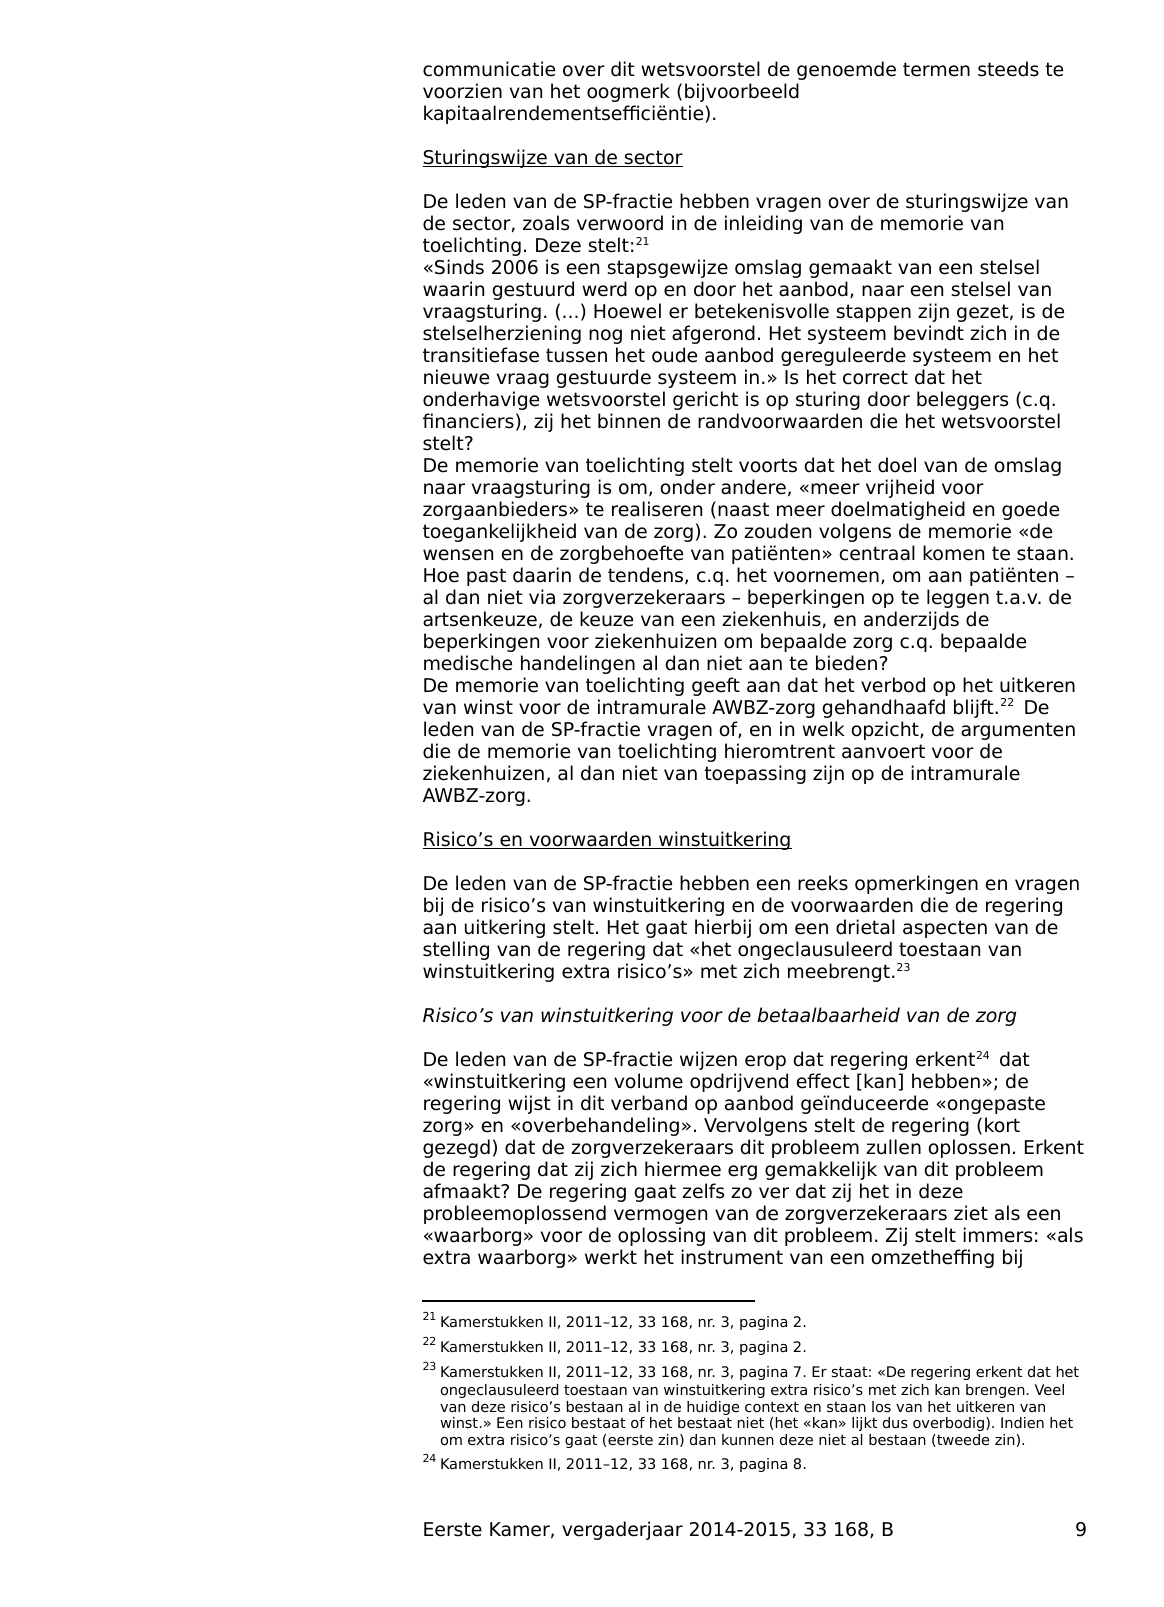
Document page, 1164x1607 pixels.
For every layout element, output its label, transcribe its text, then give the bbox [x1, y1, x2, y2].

text De leden van de SP-fractie hebben een reeks opmerkingen en vragen bij de risico’s van winstuitkering en de voorwaarden die de regering aan uitkering stelt. Het gaat hierbij om een drietal aspecten van de stelling van de regering dat «het ongeclausuleerd toestaan van winstuitkering extra risico’s» met zich meebrengt. [422, 873, 1087, 983]
subtitle Risico’s en voorwaarden winstuitkering [422, 829, 1087, 851]
text De leden van de SP-fractie wijzen erop dat regering erkent dat «winstuitkering een volume opdrijvend effect [kan] hebben»; de regering wijst in dit verband op aanbod geïnduceerde «ongepaste zorg» en «overbehandeling». Vervolgens stelt de regering (kort gezegd) dat de zorgverzekeraars dit probleem zullen oplossen. Erkent de regering dat zij zich hiermee erg gemakkelijk van dit probleem afmaakt? De regering gaat zelfs zo ver dat zij het in deze probleemoplossend vermogen van de zorgverzekeraars ziet als een «waarborg» voor de oplossing van dit probleem. Zij stelt immers: «als extra waarborg» werkt het instrument van een omzetheffing bij [422, 1049, 1087, 1269]
text De memorie van toelichting stelt voorts dat het doel van de omslag naar vraagsturing is om, onder andere, «meer vrijheid voor zorgaanbieders» te realiseren (naast meer doelmatigheid en goede toegankelijkheid van de zorg). Zo zouden volgens de memorie «de wensen en de zorgbehoefte van patiënten» centraal komen te staan. Hoe past daarin de tendens, c.q. het voornemen, om aan patiënten – al dan niet via zorgverzekeraars – beperkingen op te leggen t.a.v. de artsenkeuze, de keuze van een ziekenhuis, en anderzijds de beperkingen voor ziekenhuizen om bepaalde zorg c.q. bepaalde medische handelingen al dan niet aan te bieden? [422, 455, 1087, 675]
text De leden van de SP-fractie hebben vragen over de sturingswijze van de sector, zoals verwoord in de inleiding van de memorie van toelichting. Deze stelt: [422, 191, 1087, 257]
text Kamerstukken II, 2011–12, 33 168, nr. 3, pagina 7. Er staat: «De regering erkent dat het ongeclausuleerd toestaan van winstuitkering extra risico’s met zich kan brengen. Veel van deze risico’s bestaan al in de huidige context en staan los van het uitkeren van winst.» Een risico bestaat of het bestaat niet (het «kan» lijkt dus overbodig). Indien het om extra risico’s gaat (eerste zin) dan kunnen deze niet al bestaan (tweede zin). [422, 1360, 1087, 1449]
text Kamerstukken II, 2011–12, 33 168, nr. 3, pagina 2. [422, 1335, 1087, 1357]
text Kamerstukken II, 2011–12, 33 168, nr. 3, pagina 2. [422, 1310, 1087, 1332]
text Kamerstukken II, 2011–12, 33 168, nr. 3, pagina 8. [422, 1452, 1087, 1474]
text «Sinds 2006 is een stapsgewijze omslag gemaakt van een stelsel waarin gestuurd werd op en door het aanbod, naar een stelsel van vraagsturing. (...) Hoewel er betekenisvolle stappen zijn gezet, is de stelselherziening nog niet afgerond. Het systeem bevindt zich in de transitiefase tussen het oude aanbod gereguleerde systeem en het nieuwe vraag gestuurde systeem in.» Is het correct dat het onderhavige wetsvoorstel gericht is op sturing door beleggers (c.q. financiers), zij het binnen de randvoorwaarden die het wetsvoorstel stelt? [422, 257, 1087, 455]
subtitle Risico’s van winstuitkering voor de betaalbaarheid van de zorg [422, 1005, 1087, 1027]
subtitle Sturingswijze van de sector [422, 147, 1087, 169]
text De memorie van toelichting geeft aan dat het verbod op het uitkeren van winst voor de intramurale AWBZ-zorg gehandhaafd blijft. De leden van de SP-fractie vragen of, en in welk opzicht, de argumenten die de memorie van toelichting hieromtrent aanvoert voor de ziekenhuizen, al dan niet van toepassing zijn op de intramurale AWBZ-zorg. [422, 675, 1087, 807]
text communicatie over dit wetsvoorstel de genoemde termen steeds te voorzien van het oogmerk (bijvoorbeeld kapitaalrendementsefficiëntie). [422, 59, 1087, 125]

Aim of the exercise> Copy exactly the lines running from the beginning of the listing through the line that has "text De leden van de SP-fractie wijzen". Drop the pictures.

Answer area>
Document page, 1164x1607 pixels.
For every layout element, output its label, transcribe its text, then give the bbox [x1, y1, x2, y2].

text De leden van de SP-fractie hebben een reeks opmerkingen en vragen bij de risico’s van winstuitkering en de voorwaarden die de regering aan uitkering stelt. Het gaat hierbij om een drietal aspecten van de stelling van de regering dat «het ongeclausuleerd toestaan van winstuitkering extra risico’s» met zich meebrengt. [422, 873, 1087, 983]
subtitle Risico’s en voorwaarden winstuitkering [422, 829, 1087, 851]
text De leden van de SP-fractie wijzen erop dat regering erkent dat «winstuitkering een volume opdrijvend effect [kan] hebben»; de regering wijst in dit verband op aanbod geïnduceerde «ongepaste zorg» en «overbehandeling». Vervolgens stelt de regering (kort gezegd) dat de zorgverzekeraars dit probleem zullen oplossen. Erkent de regering dat zij zich hiermee erg gemakkelijk van dit probleem afmaakt? De regering gaat zelfs zo ver dat zij het in deze probleemoplossend vermogen van de zorgverzekeraars ziet als een «waarborg» voor de oplossing van dit probleem. Zij stelt immers: «als extra waarborg» werkt het instrument van een omzetheffing bij [422, 1049, 1087, 1269]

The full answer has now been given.